Example of Self-Referential Data Structures - A Binary Tree

class TreeNode
  attr_accessor :value, :left, :right

  # The Tree node contains a value, and a pointer to two children - left and right 
  # Values lesser than this node will be inserted on its left
  # Values greater than it will be inserted on its right
  def initialize val, left, right
    @value = val
    @left = left
    @right = right
  end
end

class BinarySearchTree

  # Initialize the Root Node
  def initialize val
    puts "Initializing with: " + val.to_s
    @root = TreeNode.new(val, nil, nil)
  end

  # Pre-Order Traversal
  def preOrderTraversal(node = @root)
    return if (node == nil)
    preOrderTraversal(node.left)
    preOrderTraversal(node.right)
    puts node.value.to_s
  end

  # Post-Order Traversal
  def postOrderTraversal(node = @root)
    return if (node == nil)
    puts node.value.to_s
    postOrderTraversal(node.left)
    postOrderTraversal(node.right)
  end

  # In-Order Traversal : Displays the final output in sorted order
  # Display smaller children first (by going left)
  # Then display the value in the current node 
  # Then display the larger children on the right
  def inOrderTraversal(node = @root)
    return if (node == nil)
    inOrderTraversal(node.left)
    puts node.value.to_s
    inOrderTraversal(node.right)
  end

  # Inserting a value
  # When value > current node, go towards the right
  # when value < current node, go towards the left
  # when you hit a nil node, it means, the new node should be created there
  # Duplicate values are not inserted in the tree
  def insert(value)
    puts "Inserting :" + value.to_s
    current_node = @root
    while nil != current_node
      if (value < current_node.value) && (current_node.left == nil)
        current_node.left = TreeNode.new(value, nil, nil)
      elsif (value > current_node.value) && (current_node.right == nil)
        current_node.right = TreeNode.new(value, nil, nil)
      elsif (value < current_node.value)
        current_node = current_node.left
      elsif (value > current_node.value)
        current_node = current_node.right
      else
        return
      end
    end
  end
end

bst = BinarySearchTree.new(10)
bst.insert(11)
bst.insert(9)
bst.insert(5)
bst.insert(7)
bst.insert(18)
bst.insert(17)
# Demonstrating Different Kinds of Traversals
puts "In-Order Traversal:"
bst.inOrderTraversal
puts "Pre-Order Traversal:"
bst.preOrderTraversal
puts "Post-Order Traversal:"
bst.postOrderTraversal

=begin

   Output :
     Initializing with: 10
   Inserting :11
   Inserting :9
   Inserting :5
   Inserting :7
   Inserting :18
   Inserting :17
   In-Order Traversal:
     5
   7
   9
   10
   11
   17
   18
   Pre-Order Traversal:
     7
   5
   9
   17
   18
   11
   10
   Post-Order Traversal:
     10
   9
   5
   7
   11
   18
   17

   =end

Ref: http://www.thelearningpoint.net/computer-science/basic-data-structures-in-ruby---binary-search-tre

Answer 2

@pranshantb1984 - The ref you gave is good one but I think there is a small change in code.

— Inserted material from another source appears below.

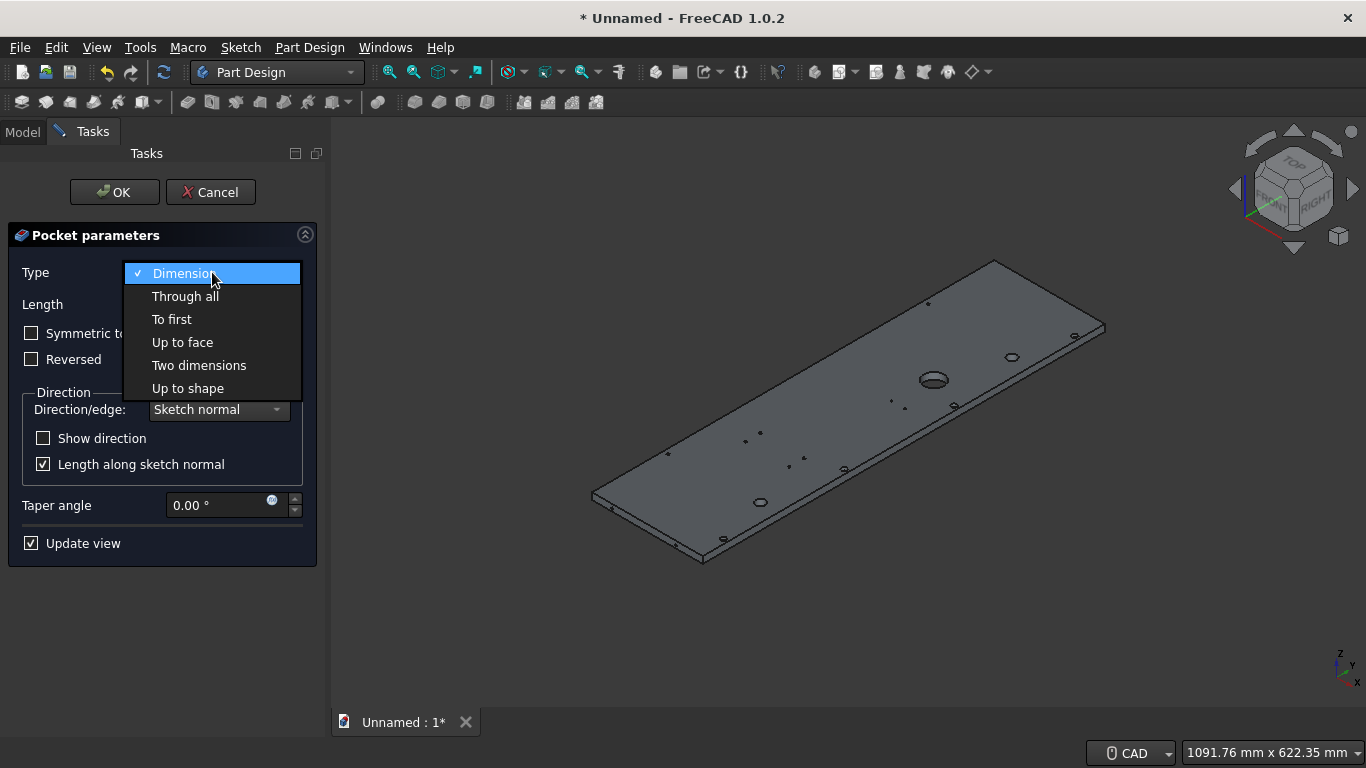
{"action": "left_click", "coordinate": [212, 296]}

Need to update PreOrder and PostOrder code as given below

# Post-Order Traversal
def postOrderTraversal(node= @root)
    return if (node == nil)
    postOrderTraversal(node.left)
    postOrderTraversal(node.right)
    puts node.value.to_s
end 

# Pre-Order Traversal
def preOrderTraversal(node = @root)
    return if (node == nil)
    puts node.value.to_s
    preOrderTraversal(node.left)
    preOrderTraversal(node.right)
end

Pre Order Traversal

10 -> 9 -> 5 -> 7 -> 11 -> 18 -> 17

Post Order Traversal

7 -> 5 -> 9 -> 17 -> 18 -> 11 -> 10

Answer 3

1.  class BinaryTree
2.    include Enumerable
3.      
4.      attr_accessor :value
5.      
6.      def initialize( value = nil )
7.          @value = value
8.      end 
9.      
10.     def each # visit
11.         return if self.nil?
12.         
13.         yield self.value
14.         self.left.each( &block ) if self.left
15.         self.right.each( &block ) if self.right     
16.     end
17. 
18.     def empty?
19.         # code here
20.     end
21.         
22.     def <<( value ) # insert
23.         return self.value = value if self.value == nil
24. 
25.         test = self.value <=> value
26.         case test
27.             when -1, 0
28.                 @right = BinaryTree.new if self.value == nil
29.                 self.right << value
30.             when 1 
31.                 @left = BinaryTree.new if self.value == nil
32.                 self.left << value
33.         end
34.     end     # <<
35.  end

Answer 4

although I don't seem to be using any recursion in that particular piece of code:

Yet...

def initialize( value = nil )
    @value = value
    @left = BinaryTree.new  # this calls initialize again
    @right = BinaryTree.new # and so does this, but you never get there
end

That is infinite recursion. You call initilize, which in turn calls new, which in turn calls initialize... and around we go.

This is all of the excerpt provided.